This week marks my 50th Friday Fictioneers’ story. I hope you don’t think me melodramatic when I say that it’s been a life-changing experience. I certainly didn’t expect to become the bus driver when I asked Madison how to join. I’ve made some great friends since last April. Thanks to all of you! 

Genre: Historical Fiction

Word Count: 99

FAMILY TREE

            “‘And they lived happily ever after.’” Leah shut the storybook.

            Shifra’s raisin-brown eyes, round as bottle caps, sparkled. “Bubbie? Did you love Grandpa at first sight?”

            “He was only eight when we met. Mama took him in…hid him from the khappers, bad men who snatched little Jewish boys from their homes and made them serve twenty-five years in the Czar’s army.”

            “Did she hide him in the closet?”

            “No she was smart, my Mama.”

            “He was like your brother, right?”

            Leah pointed to a tintype on the table of two little bonneted girls and grinned. “More like my sister.” 

Nu? Should you want to read more on the subject click here.

122 comments on “5 April 2013

  • Dear Rochelle,

    This delightful tale is one of your best ever. The bright and mischievous tone you set belies the very real threat faced with courage and ingenuity long ago. I am enthralled every week by your offerings and look forward to reading all that you will write for years to come.

    Aloha,

    Doug

    Like

  • Oooh I forgot that the new prompt was coming out today! Well, for me Wednesday is already finished (it’s 12:26am Thursday morning). I think I’d better leave this until tomorrow. Well, later tomorrow that is 😀
    I love your story by the way Rochelle, very, very clever of Mama.

    Like

  • Dear Rochelle
    I loved your humour here, it’s a great story.
    Resourceful mother, would love to think I would have done the same as she.
    Your writing is usually powerful, hinting at many unspeakable things; so glad this has a happy ending.
    Congraulations on your 50th FF story
    Dee
    x

    Like

  • Congrats, Rochelle of 50 stories… yeah, Madison sure got a lot of writers going. Me included.

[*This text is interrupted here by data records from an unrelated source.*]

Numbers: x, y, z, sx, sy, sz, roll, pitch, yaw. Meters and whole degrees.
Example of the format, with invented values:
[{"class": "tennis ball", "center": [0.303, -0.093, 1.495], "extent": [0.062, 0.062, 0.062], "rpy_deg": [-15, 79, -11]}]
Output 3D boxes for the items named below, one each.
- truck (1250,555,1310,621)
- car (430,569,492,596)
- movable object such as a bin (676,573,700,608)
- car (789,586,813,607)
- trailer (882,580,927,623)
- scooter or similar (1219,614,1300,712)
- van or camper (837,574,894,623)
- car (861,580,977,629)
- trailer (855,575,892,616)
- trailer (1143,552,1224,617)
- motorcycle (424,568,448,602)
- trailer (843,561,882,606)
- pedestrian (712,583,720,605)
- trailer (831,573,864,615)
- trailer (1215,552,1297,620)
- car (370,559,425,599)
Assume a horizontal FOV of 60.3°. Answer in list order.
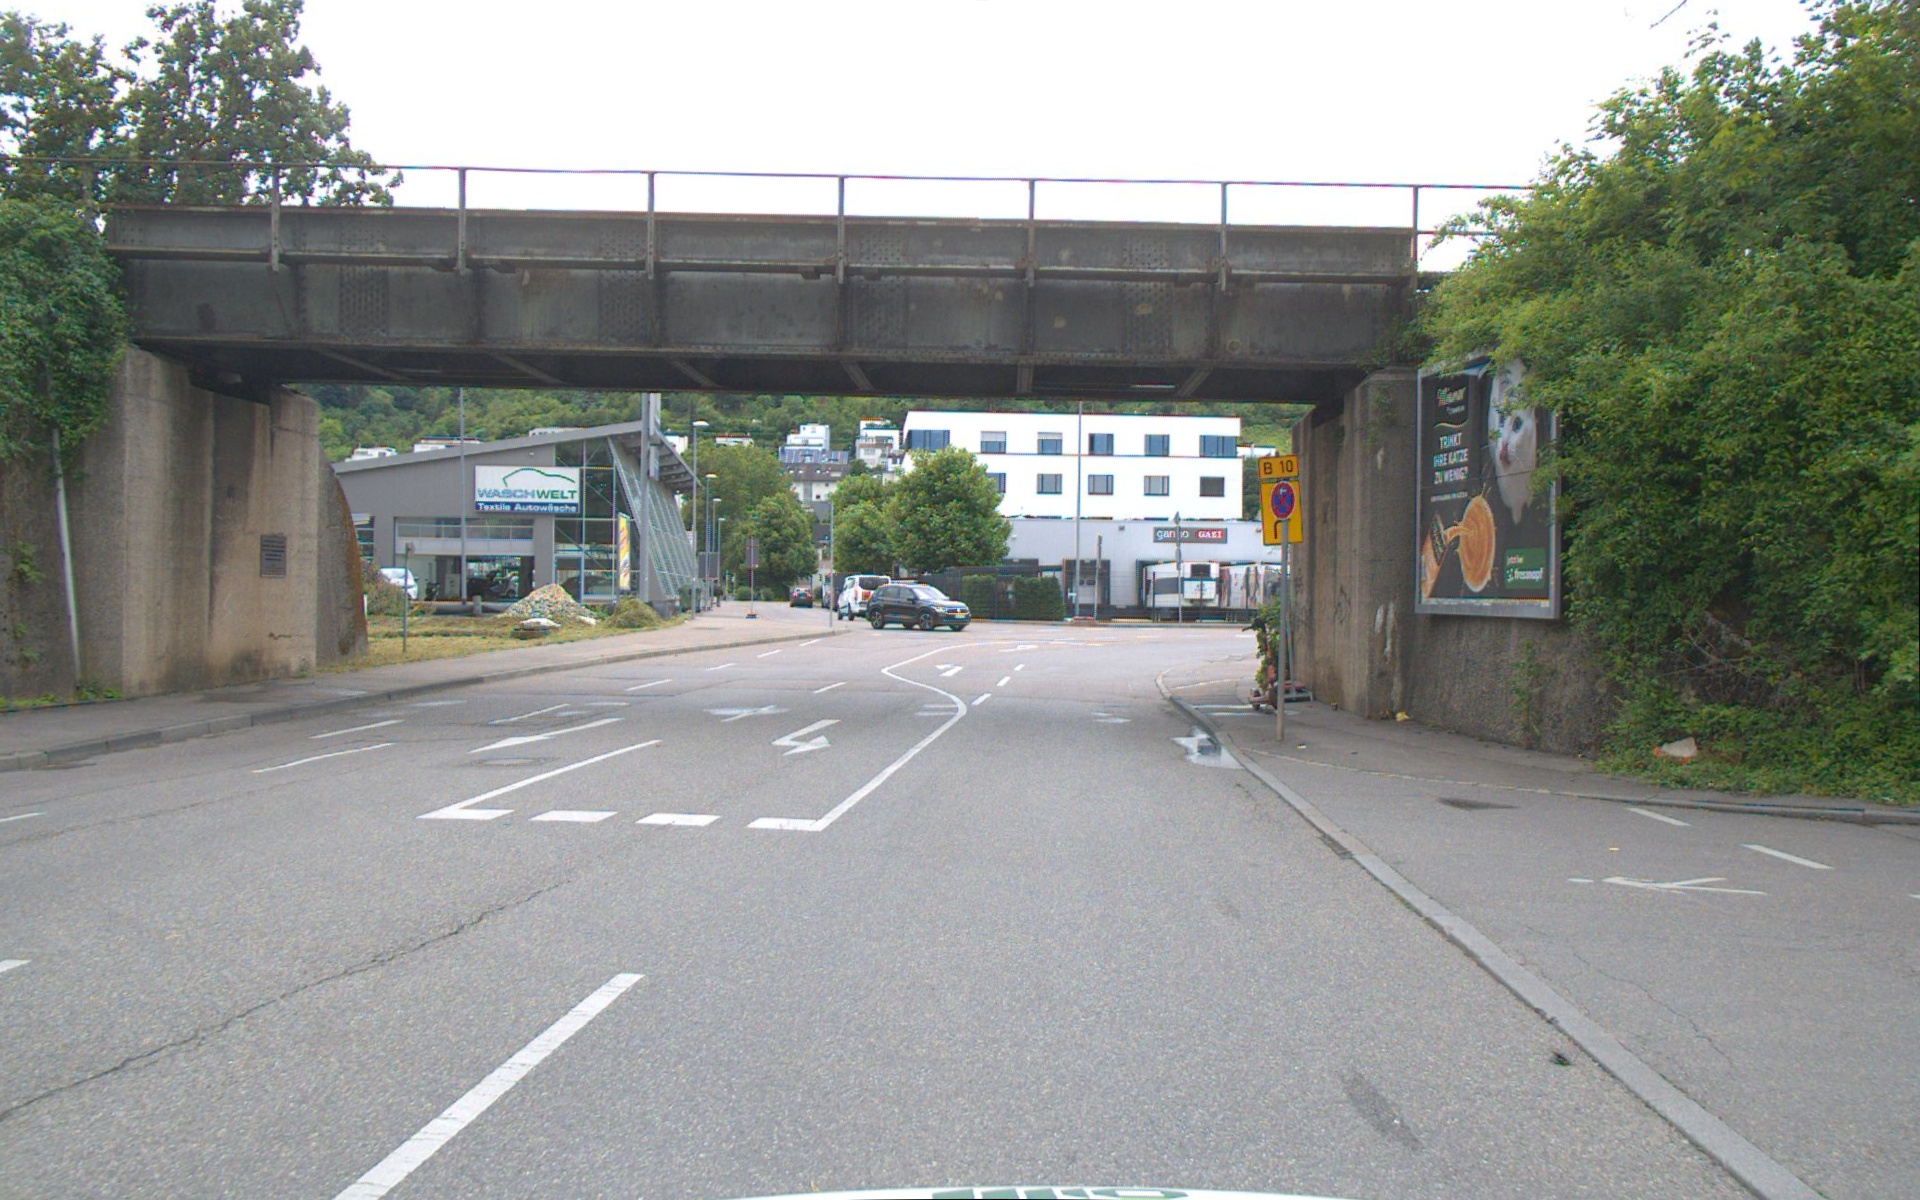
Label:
[{"class": "truck", "center": [20.584, -0.748, 106.470], "extent": [2.738, 4.110, 4.161], "rpy_deg": [1, 0, -4]}, {"class": "car", "center": [-33.570, -1.164, 111.383], "extent": [3.924, 1.758, 1.990], "rpy_deg": [1, 0, -18]}, {"class": "movable object such as a bin", "center": [-13.911, -0.482, 84.697], "extent": [1.120, 1.788, 1.058], "rpy_deg": [1, 0, -5]}, {"class": "car", "center": [-13.688, -0.300, 142.911], "extent": [1.954, 1.713, 3.996], "rpy_deg": [1, 0, -4]}, {"class": "trailer", "center": [-2.840, 0.059, 84.005], "extent": [1.955, 2.049, 3.994], "rpy_deg": [1, 1, -7]}, {"class": "scooter or similar", "center": [4.102, 0.844, 22.779], "extent": [0.495, 1.257, 1.666], "rpy_deg": [-3, 0, -10]}, {"class": "van or camper", "center": [-4.352, -0.062, 75.823], "extent": [2.061, 2.119, 4.194], "rpy_deg": [1, 0, -11]}, {"class": "car", "center": [-1.536, 0.146, 60.395], "extent": [1.982, 1.713, 4.307], "rpy_deg": [1, 0, -40]}, {"class": "trailer", "center": [-5.315, -0.298, 101.577], "extent": [1.955, 2.384, 3.994], "rpy_deg": [1, 1, -7]}, {"class": "trailer", "center": [15.043, -1.009, 112.364], "extent": [3.020, 4.149, 11.399], "rpy_deg": [1, 0, -4]}, {"class": "motorcycle", "center": [-28.067, -0.797, 88.577], "extent": [0.824, 1.740, 2.359], "rpy_deg": [1, 0, -9]}, {"class": "trailer", "center": [-8.601, -1.437, 145.545], "extent": [3.010, 3.825, 4.927], "rpy_deg": [1, 1, -7]}, {"class": "pedestrian", "center": [-18.929, -0.462, 128.282], "extent": [0.616, 1.702, 0.756], "rpy_deg": [1, -1, -10]}, {"class": "trailer", "center": [-8.411, -0.491, 123.391], "extent": [2.235, 3.004, 3.994], "rpy_deg": [1, 1, -7]}, {"class": "trailer", "center": [20.084, -0.924, 113.138], "extent": [2.729, 4.376, 11.171], "rpy_deg": [1, 0, -4]}, {"class": "car", "center": [-23.071, -0.864, 67.778], "extent": [1.965, 1.562, 3.975], "rpy_deg": [1, 0, -21]}]

    I think today’s story is one of your best.

    Nice of you to remember The Wild Child’s Birthday.

    Like

  • As Doug said, another in a line of wonderful stories. I enjoy reading here each week.

    This story reminds me of a relative of mine where one brother come over from Germany, then got the passport back and another brother came over on the same passport. Have to check with my dad for the full story. As the saying goes, “Needs must when the devil drives.” The devil was certainly driving here and ingenuity won the day.

    Congratulations on reaching 50…stories, that is. 🙂

    janet

    Like

  • Congratulations on the 50th, Rochelle. You have been great since you took the reigns of this unruly gang in your hands. It has been a pleasure knowing you, and reading your work.
    I can bet each one of those 50 posts have been a treat to read! 🙂

    This one’s an amazing story of real danger and survival instincts. Very nice, just like the other 49!

    Like

  • I felt sorry for the poor little guy being dressed as a girl until I read the article. I love the rich warmth of your stories, Rochelle.

    Like

  • Ingenious story and illustrating the universal truth that a mother will do whatever to save her child. I gather this is your 50th FF story. Congratulations! And thanks for your hard work every week.

    Dressing boys as girls has been/is a custom in some countries. My husband (Turkish by birth) was dressed as a girl till the age of 7 when he started school. I’ve seen 19th century photos of English boys in dresses (and incongrously, wearing schoolboy’s caps). Ann

    Like

  • I’d rather dress like a girl than be forced into the Russian Army too. I love the way you crafted this story, starting with the “happily ever after” and walking us through “the rest of the story” as Paul Harvey would say.

    Like

  • Dear Rochelle,

    Thank you for the birthday wishes my dear. It was a very good day indeed. Age is merely a number. It most certainly doesn’t mean I need to act old. I still feel 17.

    Your story, though somewhat terrifying is also very inspirational. I felt every word. Love your work. Thank you.

    Fondly,
    Renee

    Like

      • You’re welcome Rochelle. It was a terrifying tale. We are so lucky to live in a world where the most we need to worry about is the decor of our living rooms.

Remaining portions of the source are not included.